*** INFORMATION PROVIDED Section Begins ***
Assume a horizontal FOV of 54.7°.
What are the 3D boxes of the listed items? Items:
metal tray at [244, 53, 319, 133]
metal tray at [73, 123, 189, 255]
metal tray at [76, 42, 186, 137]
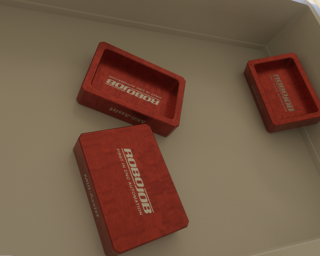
[{"bbox_3d":[0.208,-0.062,0.528,0.091,0.030,0.130,-11,65,-5],"label":"metal tray"},{"bbox_3d":[-0.034,0.063,0.346,0.091,0.030,0.130,-10,67,-32],"label":"metal tray"},{"bbox_3d":[-0.034,-0.052,0.415,0.131,0.030,0.090,22,54,-15],"label":"metal tray"}]
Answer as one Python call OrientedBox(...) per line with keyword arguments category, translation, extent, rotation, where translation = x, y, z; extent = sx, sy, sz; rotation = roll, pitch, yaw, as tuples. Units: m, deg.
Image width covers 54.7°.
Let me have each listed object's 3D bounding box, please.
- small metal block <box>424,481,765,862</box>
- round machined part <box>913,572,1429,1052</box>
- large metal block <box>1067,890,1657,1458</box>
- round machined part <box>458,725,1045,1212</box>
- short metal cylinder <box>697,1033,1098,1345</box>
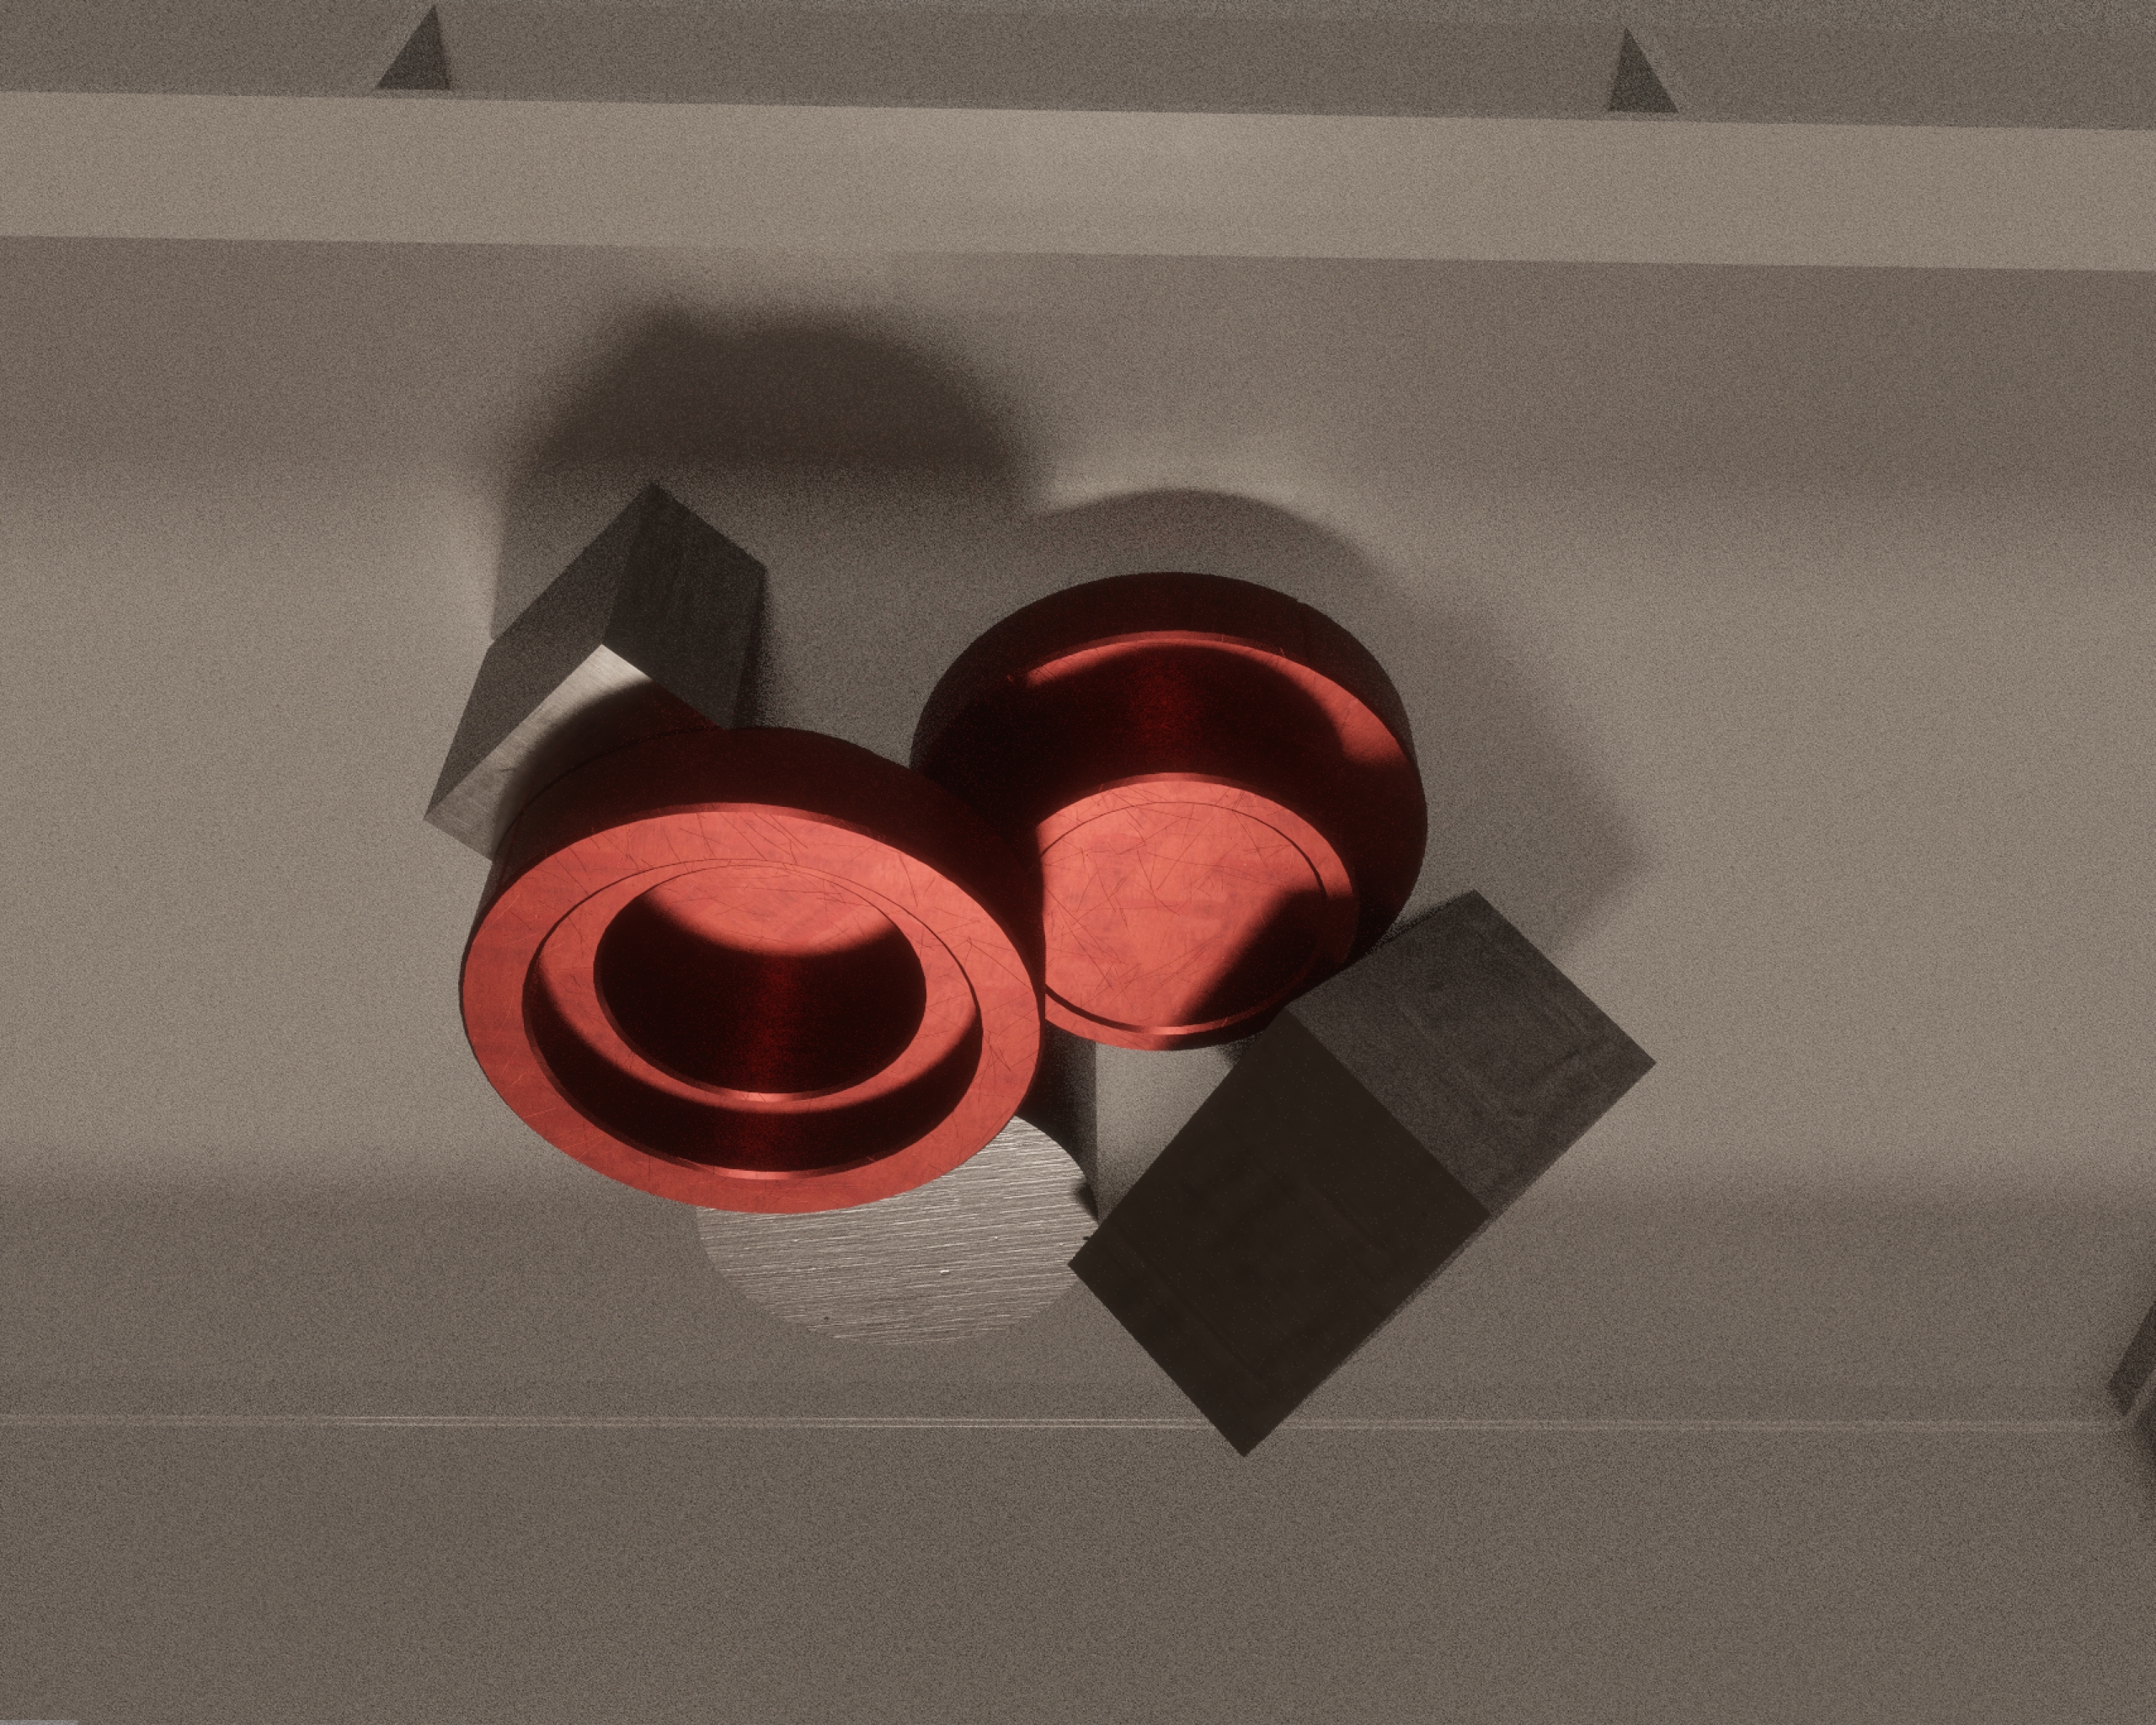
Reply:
OrientedBox(category="small metal block", translation=(-0.083, -0.030, 0.363), extent=(0.025, 0.050, 0.050), rotation=(37, 121, -27))
OrientedBox(category="round machined part", translation=(0.017, -0.002, 0.392), extent=(0.099, 0.042, 0.097), rotation=(-1, 130, 0))
OrientedBox(category="large metal block", translation=(0.057, 0.060, 0.414), extent=(0.050, 0.081, 0.080), rotation=(46, 125, 15))
OrientedBox(category="round machined part", translation=(-0.055, 0.015, 0.369), extent=(0.099, 0.042, 0.097), rotation=(-1, 130, 0))
OrientedBox(category="short metal cylinder", translation=(-0.036, 0.057, 0.438), extent=(0.081, 0.050, 0.079), rotation=(0, 130, 0))
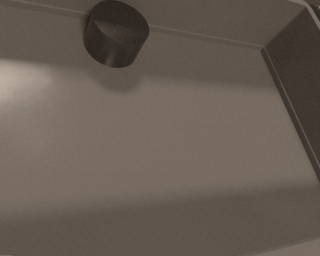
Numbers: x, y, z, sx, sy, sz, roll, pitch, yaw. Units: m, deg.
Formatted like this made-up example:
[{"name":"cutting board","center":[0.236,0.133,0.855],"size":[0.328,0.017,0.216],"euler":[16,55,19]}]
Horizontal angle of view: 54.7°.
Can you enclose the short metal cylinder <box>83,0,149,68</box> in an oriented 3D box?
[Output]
[{"name":"short metal cylinder","center":[-0.062,-0.132,0.438],"size":[0.081,0.050,0.080],"euler":[14,56,-21]}]
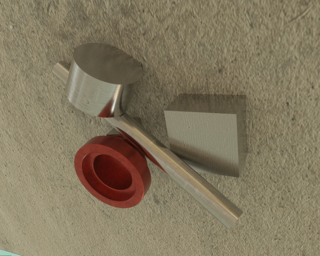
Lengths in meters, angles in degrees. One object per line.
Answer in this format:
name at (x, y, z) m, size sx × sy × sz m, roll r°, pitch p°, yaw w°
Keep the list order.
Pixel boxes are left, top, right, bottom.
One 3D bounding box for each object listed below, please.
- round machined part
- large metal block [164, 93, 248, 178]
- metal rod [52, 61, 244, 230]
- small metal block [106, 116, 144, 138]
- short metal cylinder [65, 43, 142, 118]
round machined part at (-0.055, 0.050, 0.392) m, size 0.098 × 0.042 × 0.097 m, roll 13°, pitch 125°, yaw 20°
large metal block at (0.057, 0.006, 0.365) m, size 0.080 × 0.050 × 0.079 m, roll 4°, pitch 121°, yaw 25°
metal rod at (-0.028, 0.008, 0.379) m, size 0.300 × 0.025 × 0.025 m, roll 40°, pitch 130°, yaw 19°
small metal block at (-0.042, 0.018, 0.425) m, size 0.025 × 0.050 × 0.050 m, roll -2°, pitch 118°, yaw 29°
short metal cylinder at (-0.068, -0.058, 0.371) m, size 0.080 × 0.080 × 0.050 m, roll 33°, pitch 128°, yaw 6°
*** INFORMATION PROVIDED Section Ends ***
**TASK**
Copy only this part of the entries above: the line with "- large metal block <box>1067,890,1657,1458</box>", the line with "- short metal cylinder <box>697,1033,1098,1345</box>", and the lines between, all exactly as written.

**EXERCISE SOLUTION**
- large metal block <box>1067,890,1657,1458</box>
- round machined part <box>458,725,1045,1212</box>
- short metal cylinder <box>697,1033,1098,1345</box>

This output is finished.